▸ RAW DATA
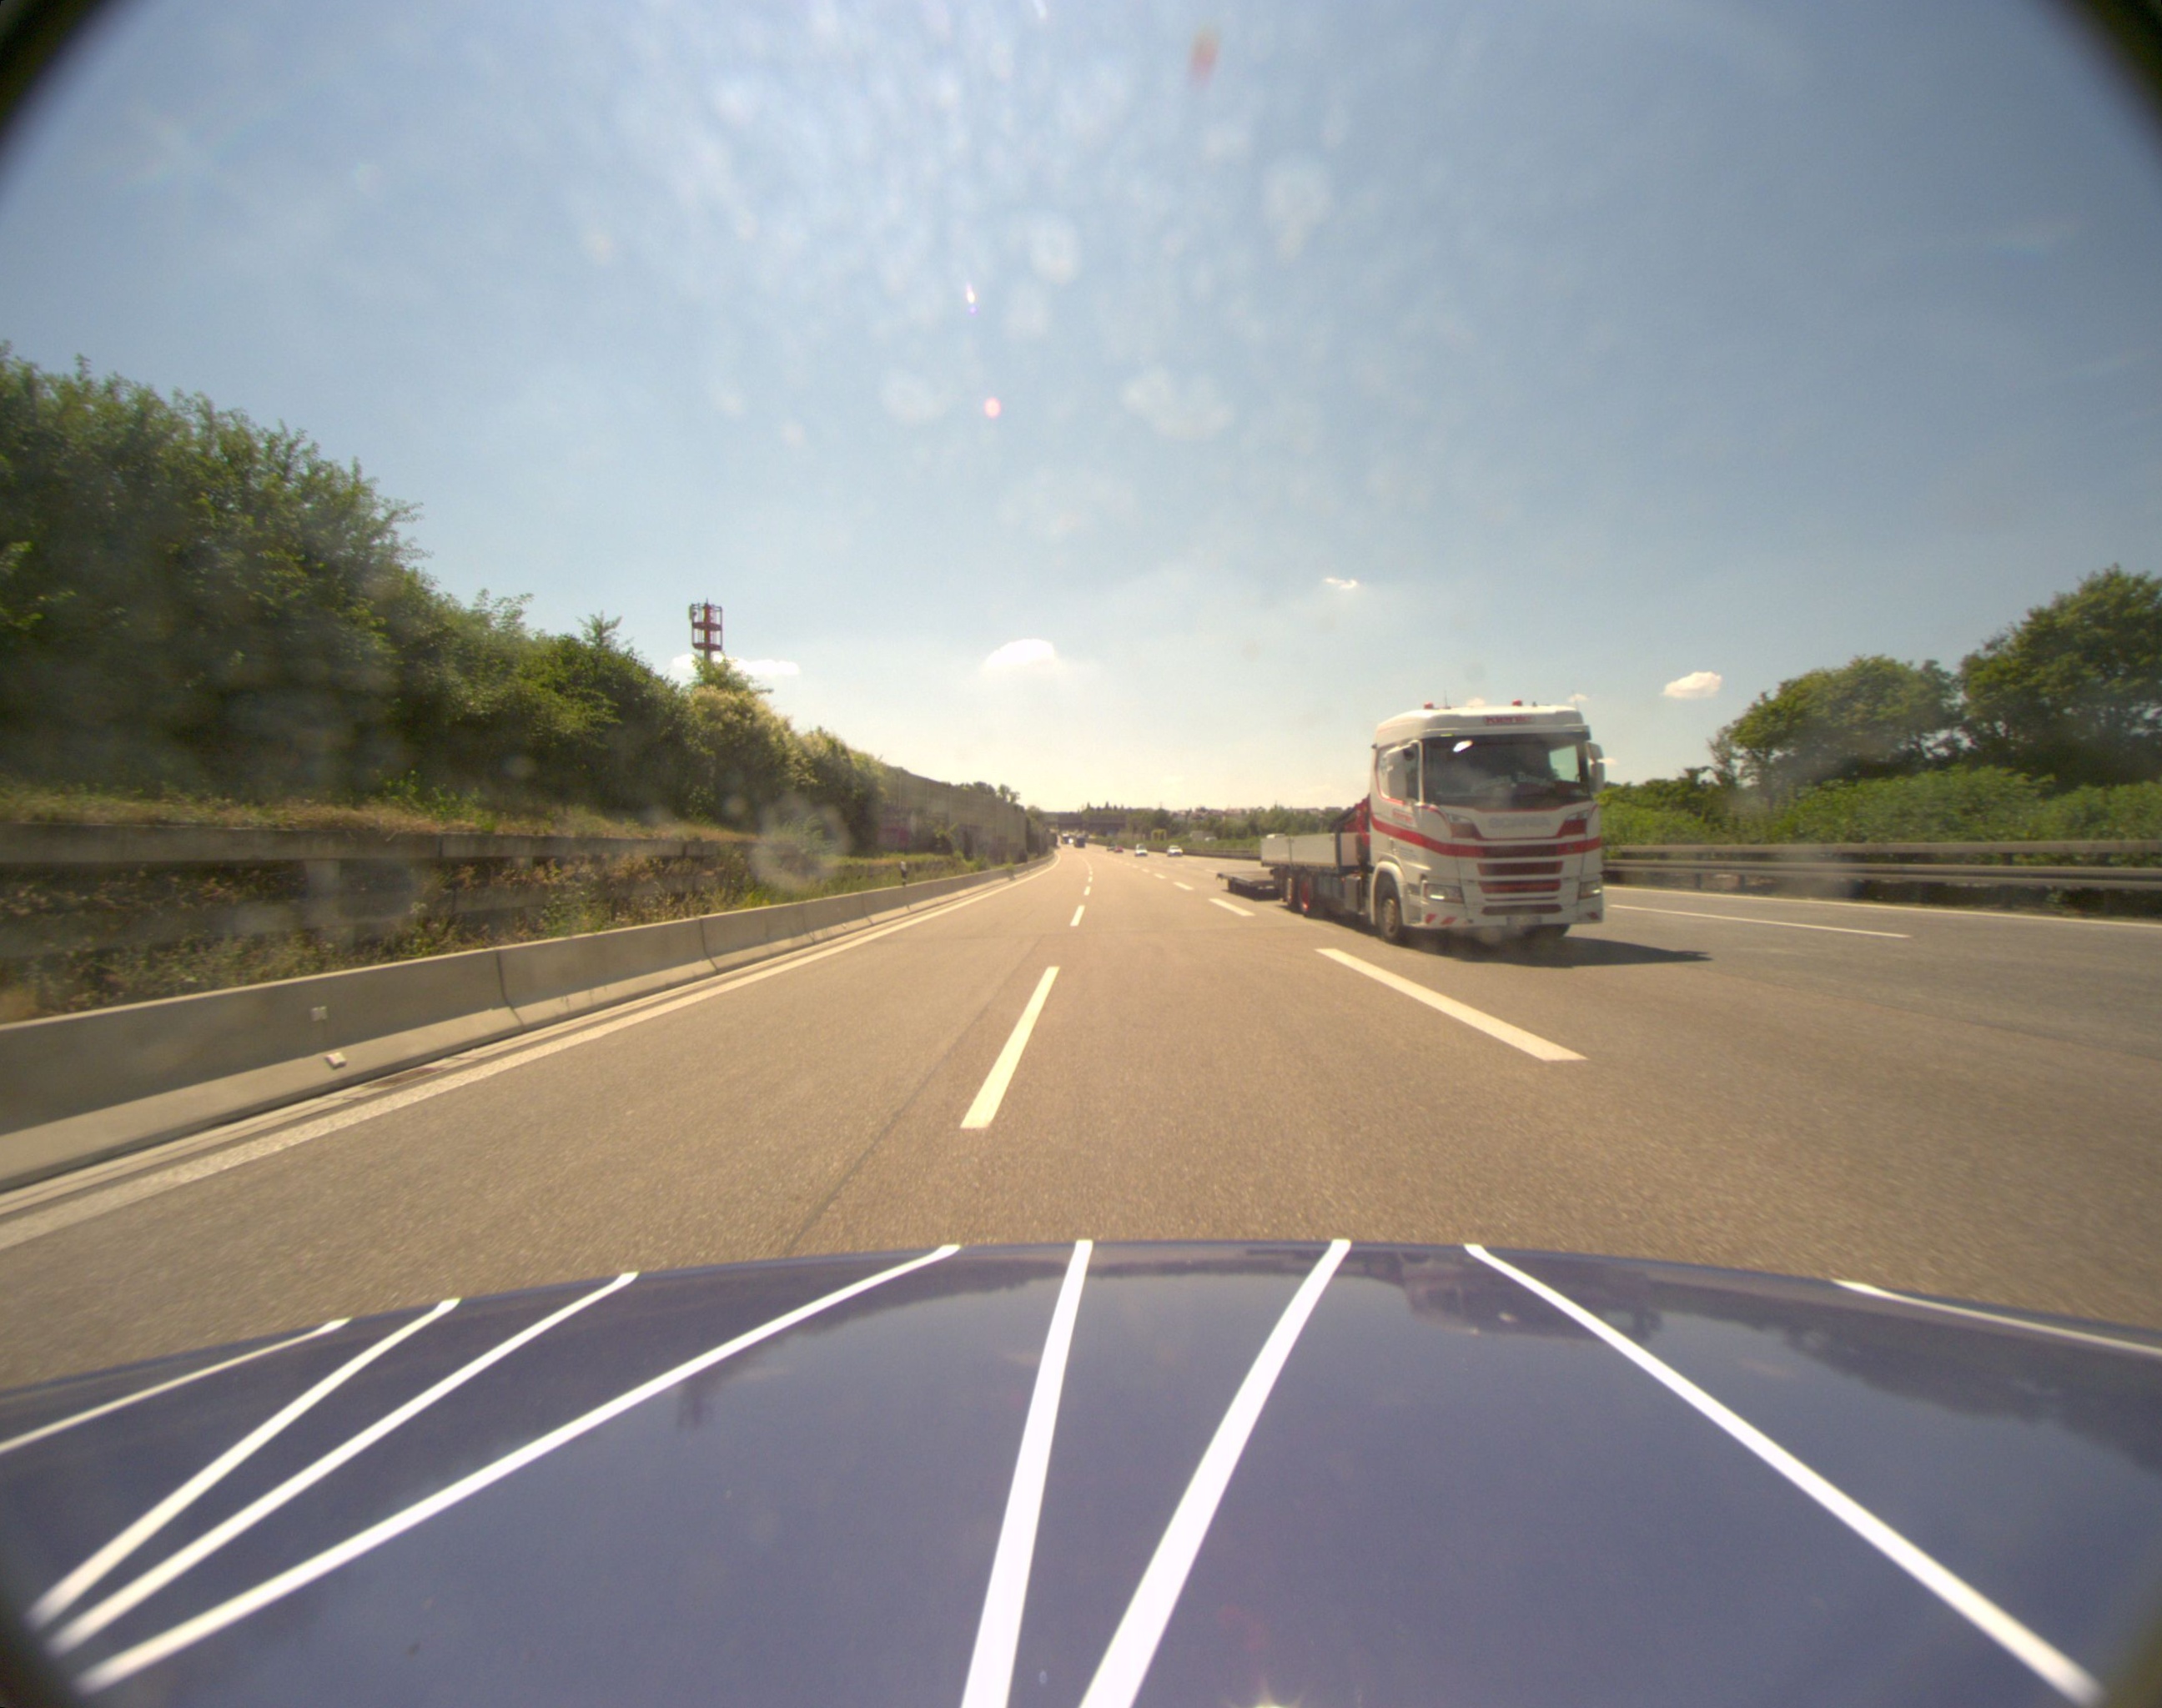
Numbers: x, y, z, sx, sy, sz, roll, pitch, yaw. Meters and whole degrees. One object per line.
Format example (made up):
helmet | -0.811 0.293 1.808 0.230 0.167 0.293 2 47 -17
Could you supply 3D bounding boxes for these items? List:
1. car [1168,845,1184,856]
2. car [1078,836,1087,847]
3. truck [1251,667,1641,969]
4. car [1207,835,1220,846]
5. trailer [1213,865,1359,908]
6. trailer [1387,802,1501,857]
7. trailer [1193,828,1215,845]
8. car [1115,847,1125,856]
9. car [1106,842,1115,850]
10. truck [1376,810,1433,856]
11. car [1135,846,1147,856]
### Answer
car | 13.864 -0.503 110.899 1.883 1.543 4.001 -2 0 2
car | 0.384 -4.023 243.200 2.116 3.284 6.441 -2 1 -6
truck | 5.872 -0.459 15.073 2.721 3.780 10.672 -2 0 1
car | 27.754 -2.823 158.681 1.998 2.003 3.998 -1 3 0
trailer | 6.171 0.925 24.266 2.721 0.929 7.760 -2 0 1
trailer | 30.335 -1.897 64.617 3.400 4.066 13.926 -2 1 2
trailer | 30.104 -4.178 186.469 2.545 3.925 13.716 -2 1 -2
car | 8.445 -0.611 164.973 1.998 1.832 3.999 -2 1 0
car | 7.249 -1.976 187.376 1.998 1.832 3.999 -2 1 0
truck | 30.544 -1.968 71.942 3.340 4.066 4.828 -2 1 2
car | 9.785 -0.492 123.891 1.786 1.494 4.170 -1 1 1

▸ TASK
The copy you give must repeat each record character for character, but it must not include the pictures.

▸ OUTPUT
Numbers: x, y, z, sx, sy, sz, roll, pitch, yaw. Meters and whole degrees. One object per line.
Format example (made up):
helmet | -0.811 0.293 1.808 0.230 0.167 0.293 2 47 -17
Could you supply 3D bounding boxes for these items? List:
1. car [1168,845,1184,856]
2. car [1078,836,1087,847]
3. truck [1251,667,1641,969]
4. car [1207,835,1220,846]
5. trailer [1213,865,1359,908]
6. trailer [1387,802,1501,857]
7. trailer [1193,828,1215,845]
8. car [1115,847,1125,856]
9. car [1106,842,1115,850]
10. truck [1376,810,1433,856]
11. car [1135,846,1147,856]
### Answer
car | 13.864 -0.503 110.899 1.883 1.543 4.001 -2 0 2
car | 0.384 -4.023 243.200 2.116 3.284 6.441 -2 1 -6
truck | 5.872 -0.459 15.073 2.721 3.780 10.672 -2 0 1
car | 27.754 -2.823 158.681 1.998 2.003 3.998 -1 3 0
trailer | 6.171 0.925 24.266 2.721 0.929 7.760 -2 0 1
trailer | 30.335 -1.897 64.617 3.400 4.066 13.926 -2 1 2
trailer | 30.104 -4.178 186.469 2.545 3.925 13.716 -2 1 -2
car | 8.445 -0.611 164.973 1.998 1.832 3.999 -2 1 0
car | 7.249 -1.976 187.376 1.998 1.832 3.999 -2 1 0
truck | 30.544 -1.968 71.942 3.340 4.066 4.828 -2 1 2
car | 9.785 -0.492 123.891 1.786 1.494 4.170 -1 1 1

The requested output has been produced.